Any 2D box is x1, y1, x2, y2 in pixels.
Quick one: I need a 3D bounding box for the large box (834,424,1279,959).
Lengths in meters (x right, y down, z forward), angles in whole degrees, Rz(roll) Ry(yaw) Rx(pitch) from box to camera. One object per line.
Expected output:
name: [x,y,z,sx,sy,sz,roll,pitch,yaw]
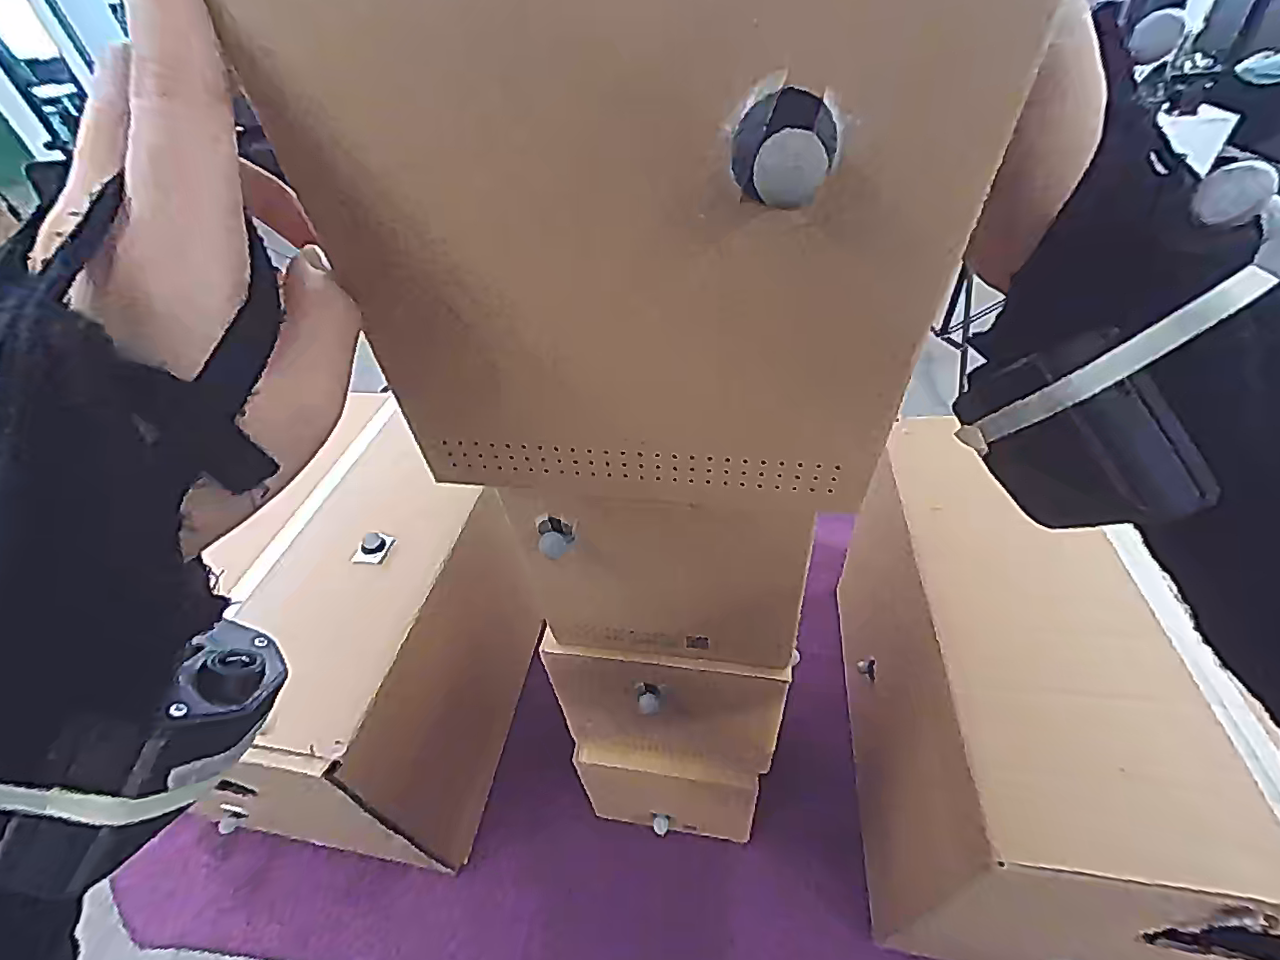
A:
large box: [0.381,0.192,0.509,0.320,0.320,0.408,3,43,10]
______
AIM OF THE EXERCISE ->
Please retype, exactly and with the pictures left out, the lines from the line containing "Quick one: I" through the last line of the records above.

ANSWER TO THIS TASK ->
Quick one: I need a 3D bounding box for the large box (834,424,1279,959).
Lengths in meters (x right, y down, z forward), angles in whole degrees, Rz(roll) Ry(yaw) Rx(pitch) from box to camera. One object per line.
Expected output:
name: [x,y,z,sx,sy,sz,roll,pitch,yaw]
A:
large box: [0.381,0.192,0.509,0.320,0.320,0.408,3,43,10]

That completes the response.